Fleursdumal ha scritto:
io non ho certo le conoscenze adatte per far una critica autorevole all'operato della FED , ma per me ha esagerato a regalar denaro. Una recessione "temperata" sarebbe stata più fisiologica, invece anche con la scusa delle varie tensioni geopolitiche , è andata ad incidere pesantemente sui ritmi economici con conseguenze che andremo a vedere, se sta ripresa economica è un bluff saranno cacchi amari.
Il T-Bond si è fermato preciso su s1. Quello che mi sta facendo incaXXare è che il petrolio è sceso sotto i 40$ e gli indici se ne stanno fregando, je possino
Fleur, non pensare che io sia un presuntuoso nell'esprimere opinioni sulla FED, credo semplicemente che abbiano capitalizzato al meglio, nell'interesse dell'economia americana, la credibilità costruita negli anni. Se poi sarà tutto un bluff, concordo, cacchi amari, e già pensa come stiamo messi male in Europa. Occhio al petrolio, si incontrano nel fine settimana i produttori OPEC.
Ti allego questo e buon fine settimana a te e a tutti gli amici del forum, a lunedi
Reuters
U.S. Treasuries mostly ease with weaker oil
Friday May 21, 12:56 pm ET
By Chris Reese
NEW YORK, May 21 (Reuters) - U.S. Treasuries prices mostly eased on Friday, backing off an early rally after oil prices fell, with investors expecting sustained weaker crude would be good for the economy but bad for bonds.
Analysts said if Friday's decline in oil prices were to prove sustainable following record high oil prices earlier this week, it would be help to stimulate the U.S. economy and make equities the more attractive market over bonds.
"If oil prices fall ... the (corporate) profit outlook will be better and also lower oil would bring down costs, making stocks the better asset class," said Tony Crescenzi, chief bond market strategist at Miller, Tabak & Co.
The timing of Friday's downturn in Treasuries nearly coincided with a call from Saudi Arabia for the Organization of Petroleum Exporting Countries to boost output in an effort to reduce crude prices, which hit a record high on Monday.
"The (bond) rally ended when Saudi Arabia indicated it wants OPEC (News - Websites) to produce 2 million additional barrels per day. That knocked oil lower and stirred a rally in equities," Crescenzi said.
As of early Friday afternoon, the benchmark 10-year Treasury note (US10YT=RR) was trading 8/32 lower, boosting its yield to 4.74 percent from 4.71 percent on Thursday.

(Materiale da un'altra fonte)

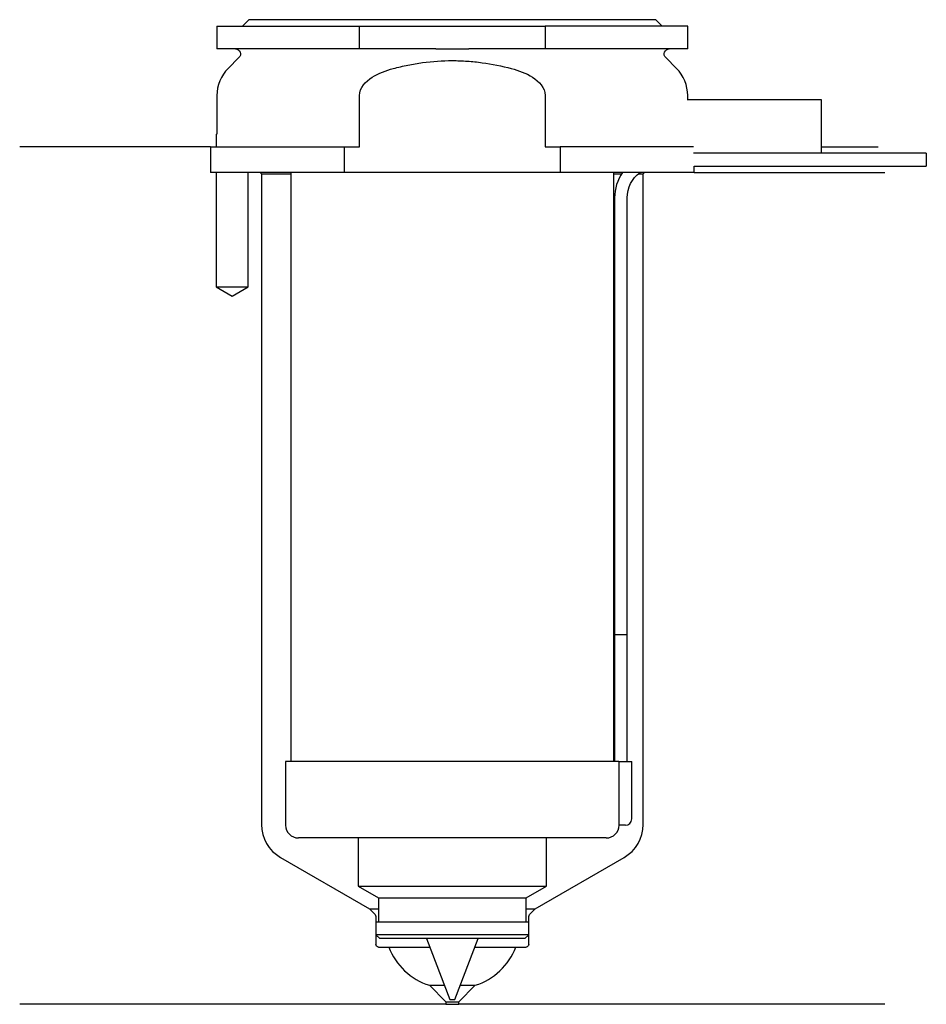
# Model space of a CAD drawing. Header units: inches. Extents: x 23.5 to 94.8, y 206.9 to 284.3.
import ezdxf

# ---------------------------------------------------------------- set-up
doc = ezdxf.new("R2010")
doc.units = ezdxf.units.IN
for name, color, linetype in [('201', 7, 'Continuous'), ('30', 7, 'Continuous'), ('32', 7, 'Continuous')]:
    doc.layers.add(name, color=color, linetype=linetype)

msp = doc.modelspace()

# ---------------------------------------------------------------- linework, layer by layer
at = {"layer": '201', "color": 113}
for p, q in [((38.526, 274.313), (23.526, 274.313)), ((38.526, 274.313), (38.526, 272.313)), ((86.525, 274.313), (90.992, 274.313)), ((38.976, 272.313), (38.976, 263.313)), ((41.476, 263.313), (41.476, 272.313)), ((42.426, 272.313), (42.526, 272.213)), ((42.526, 272.213), (42.526, 221.078)), ((42.526, 272.213), (44.826, 272.213)), ((70.225, 272.213), (70.836, 272.213)), ((72.151, 272.213), (72.526, 272.213)), ((72.526, 272.213), (72.626, 272.313)), ((72.526, 221.078), (72.526, 272.213)), ((76.526, 272.313), (91.526, 272.313)), ((38.976, 263.313), (40.226, 262.591)), ((40.226, 262.591), (41.476, 263.313)), ((44.026, 218.48), (51.021, 214.441)), ((64.031, 214.441), (71.026, 218.48)), ((51.021, 214.441), (51.403, 214.059)), ((51.021, 214.441), (51.721, 214.441)), ((63.33, 214.441), (64.031, 214.441)), ((63.648, 214.059), (64.031, 214.441)), ((51.521, 213.776), (51.521, 211.641)), ((63.531, 211.641), (63.531, 213.776)), ((51.721, 211.441), (52.526, 211.441)), ((52.526, 211.441), (55.757, 211.441)), ((59.294, 211.441), (62.526, 211.441)), ((62.526, 211.441), (63.331, 211.441)), ((55.726, 208.441), (56.897, 208.441)), ((55.726, 208.441), (57.026, 207.141)), ((58.026, 207.141), (59.326, 208.441)), ((58.154, 208.441), (59.326, 208.441)), ((57.026, 206.941), (23.526, 206.941)), ((57.026, 207.141), (58.026, 207.141)), ((57.026, 207.141), (57.026, 206.941)), ((57.026, 206.941), (58.026, 206.941)), ((58.026, 206.941), (58.026, 207.141)), ((91.526, 206.941), (58.026, 206.941))]:
    msp.add_line(p, q, dxfattribs=at)
for centre, radius, start, end in [((45.526, 221.078), 3, 180, 240), ((69.526, 221.078), 3, 300, 360), ((57.199, 213.219), 5, 200.83084, 252.86438), ((57.852, 213.219), 5, 287.13562, 339.16916)]:
    msp.add_arc(centre, radius, start, end, dxfattribs=at)
at = {"layer": '201', "color": 113, "extrusion": (0, 0, -1)}
for centre, radius, start, end in [((-51.121, 213.776), 0.4, 135, 180), ((-63.931, 213.776), 0.4, 0, 45), ((-51.721, 211.641), 0.2, -90, 0), ((-63.331, 211.641), 0.2, 180, 270)]:
    msp.add_arc(centre, radius, start, end, dxfattribs=at)
at = {"layer": '30', "color": 113}
for p, q in [((41.526, 284.313), (41.026, 283.813)), ((73.526, 284.313), (41.526, 284.313)), ((74.026, 283.813), (73.526, 284.313)), ((39.026, 283.813), (39.026, 282.013)), ((39.026, 283.813), (50.228, 283.813)), ((50.228, 282.013), (50.228, 283.813)), ((50.228, 283.813), (64.823, 283.813)), ((64.823, 283.813), (64.823, 282.013)), ((76.026, 283.813), (64.823, 283.813)), ((76.026, 282.013), (76.026, 283.813)), ((50.228, 282.013), (39.026, 282.013)), ((56.221, 282.013), (50.228, 282.013)), ((64.823, 282.013), (58.83, 282.013)), ((76.026, 282.013), (64.823, 282.013)), ((40.758, 281.33), (39.904, 280.476)), ((75.147, 280.476), (74.293, 281.33)), ((39.026, 278.355), (39.026, 275.313)), ((50.228, 274.313), (50.228, 278.355)), ((64.823, 278.355), (64.823, 274.313)), ((76.026, 278.013), (76.026, 278.355)), ((38.976, 275.313), (39.026, 275.313)), ((38.976, 275.313), (38.976, 274.313)), ((38.526, 274.313), (38.526, 272.313)), ((38.526, 274.313), (49.04, 274.313)), ((49.04, 272.313), (49.04, 274.313)), ((49.04, 274.313), (50.228, 274.313)), ((64.823, 274.313), (66.011, 274.313)), ((66.011, 274.313), (66.011, 272.313)), ((76.484, 274.313), (66.011, 274.313)), ((94.776, 273.813), (86.525, 273.813)), ((94.776, 273.813), (94.776, 272.813)), ((76.526, 272.813), (94.776, 272.813)), ((76.526, 272.313), (76.526, 272.813)), ((49.04, 272.313), (38.526, 272.313)), ((38.976, 272.313), (38.976, 263.313)), ((41.476, 263.313), (41.476, 272.313)), ((44.826, 272.313), (44.826, 226.013)), ((66.011, 272.313), (49.04, 272.313)), ((76.526, 272.313), (66.011, 272.313)), ((70.226, 226.013), (70.226, 272.313)), ((70.276, 270.313), (70.276, 236.013)), ((71.276, 236.013), (71.276, 270.313)), ((38.976, 263.313), (41.476, 263.313)), ((70.276, 236.013), (71.276, 236.013)), ((70.276, 236.013), (71.276, 236.013)), ((70.276, 236.013), (70.276, 226.013)), ((71.276, 226.013), (71.276, 236.013)), ((44.426, 226.013), (44.426, 221.013)), ((70.599, 226.013), (44.426, 226.013)), ((70.599, 226.013), (70.599, 221.513)), ((70.599, 226.013), (71.626, 226.013)), ((71.626, 221.513), (71.626, 226.013)), ((71.126, 221.013), (70.622, 221.013)), ((69.626, 220.013), (45.426, 220.013)), ((50.126, 220.013), (50.126, 216.234)), ((64.926, 216.234), (64.926, 220.013)), ((50.126, 216.234), (64.926, 216.234)), ((50.126, 216.234), (51.721, 215.313)), ((63.331, 215.313), (64.926, 216.234)), ((51.721, 215.313), (63.331, 215.313)), ((51.721, 215.313), (51.721, 213.413)), ((63.331, 213.413), (63.331, 215.313)), ((51.521, 213.413), (63.531, 213.413)), ((51.521, 213.413), (51.521, 212.413)), ((63.531, 212.413), (63.531, 213.413)), ((51.521, 212.413), (51.821, 212.113)), ((63.531, 212.413), (51.521, 212.413)), ((63.231, 212.113), (51.821, 212.113)), ((55.501, 212.113), (57.326, 207.313)), ((57.726, 207.313), (59.55, 212.113)), ((63.231, 212.113), (63.531, 212.413)), ((57.326, 207.313), (57.726, 207.313))]:
    msp.add_line(p, q, dxfattribs=at)
at = {"layer": '30', "color": 113, "extrusion": (0, 0, -1)}
for centre, radius, start, end in [((-40.476, 281.613), 0.4, 90, 225), ((-74.576, 281.613), 0.4, -45, 90), ((-73.776, 270.313), 2.5, 0, 53.12953)]:
    msp.add_arc(centre, radius, start, end, dxfattribs=at)
at = {"layer": '30', "color": 113}
for centre, radius, start, end in [((42.026, 278.355), 3, 135, 180), ((73.026, 278.355), 3, 0, 45), ((73.776, 270.313), 3.5, 145.14891, 180), ((71.126, 221.513), 0.5, -90, 0), ((45.426, 221.013), 1, 180, 270), ((69.626, 221.013), 1, -90, 0)]:
    msp.add_arc(centre, radius, start, end, dxfattribs=at)
for points, knots in [([(56.221, 282.013), (56.651, 282.013), (57.081, 282.01), (57.538, 282.01), (57.566, 282.01), (57.621, 282.01), (57.703, 282.01), (57.896, 282.01), (58.061, 282.011), (58.391, 282.012), (58.61, 282.013), (58.83, 282.013)], [0, 0, 0, 0, 0.5, 0.5, 0.53125, 0.53125, 0.5625, 0.625, 0.75, 0.75, 1, 1, 1, 1]), ([(52.888, 280.476), (53.077, 280.526), (53.269, 280.573), (53.652, 280.663), (53.843, 280.704), (54.42, 280.82), (54.805, 280.885), (55.965, 281.043), (56.743, 281.097), (57.723, 281.097), (57.919, 281.094), (58.312, 281.08), (58.509, 281.07), (59.098, 281.029), (59.487, 280.989), (60.647, 280.83), (61.41, 280.674), (62.163, 280.476)], [0, 0, 0, 0, 0.0625, 0.0625, 0.125, 0.125, 0.25, 0.25, 0.5, 0.5, 0.5625, 0.5625, 0.625, 0.625, 0.75, 0.75, 1, 1, 1, 1]), ([(50.228, 278.355), (50.228, 278.964), (50.71, 279.471), (51.729, 280.118), (52.309, 280.324), (52.888, 280.476)], [0, 0, 0, 0, 0.5, 0.5, 1, 1, 1, 1]), ([(62.163, 280.476), (62.746, 280.323), (63.311, 280.124), (64.343, 279.471), (64.823, 278.966), (64.823, 278.355)], [0, 0, 0, 0, 0.5, 0.5, 1, 1, 1, 1]), ([(70.599, 221.513), (70.599, 221.458), (70.6, 221.402), (70.602, 221.297), (70.604, 221.247), (70.607, 221.161), (70.61, 221.123), (70.614, 221.063), (70.616, 221.041), (70.618, 221.028), (70.619, 221.018), (70.621, 221.013)], [0, 0, 0, 0, 0.208202, 0.208202, 0.416635, 0.416635, 0.625338, 0.625338, 0.835614, 0.835614, 1, 1, 1, 1])]:
    msp.add_open_spline(points, degree=3, knots=knots, dxfattribs=at)
at = {"layer": '32', "color": 113}
for p, q in [((86.526, 278.013), (75.983, 278.013)), ((86.526, 273.813), (86.526, 278.013)), ((86.526, 273.813), (76.484, 273.813))]:
    msp.add_line(p, q, dxfattribs=at)

doc.saveas('drawing.dxf')

Treasury yields move inversely to prices.
The 30-year bond (US30YT=RR) lost 15/32 in price, with the yield rising to 5.46 percent from 5.42 percent on Thursday.
Five-year notes (US5YT=RR) lost 4/32 for a yield of 3.87 percent, from 3.85 percent on Thursday.
The price of two-year notes (US2YT=RR) remained on the plus side however, trading 4/32 higher with yields easing to 2.53 percent from 2.60 percent on Thursday.
Most traders expect the Federal Reserve will boost official interest rates at its next meeting in late June. Government securities got a lift on Thursday morning from a disappointing survey of manufacturers in the Mid-Atlantic region and a surprising jump in jobless claims.
"There's a very, very modest reaction to the fact that Fed Chairman Alan Greenspan (in a speech in Philadelphia on Thursday) did not say anything to imply that rate hikes are more imminent or would be more aggressive than people have anticipated," said Drew Matus, senior financial economist at Lehman Brothers.
"The market also got through (Fed Governor Ben) Bernanke's (Thursday) speech on gradualism, so people are trying to relax before the next batch of important economic data late next week and the home stretch the week after when the government releases the monthly employment data," Matus said.
Bernanke said on Thursday that inflation was well contained and suggested a gradual movement toward higher interest rates was "reasonably likely."
Treasuries have sold off sharply over the last two months as market participants changed their minds about the timing of a Fed rate hike, with most converging on a strong likelihood that the first move higher will come next month.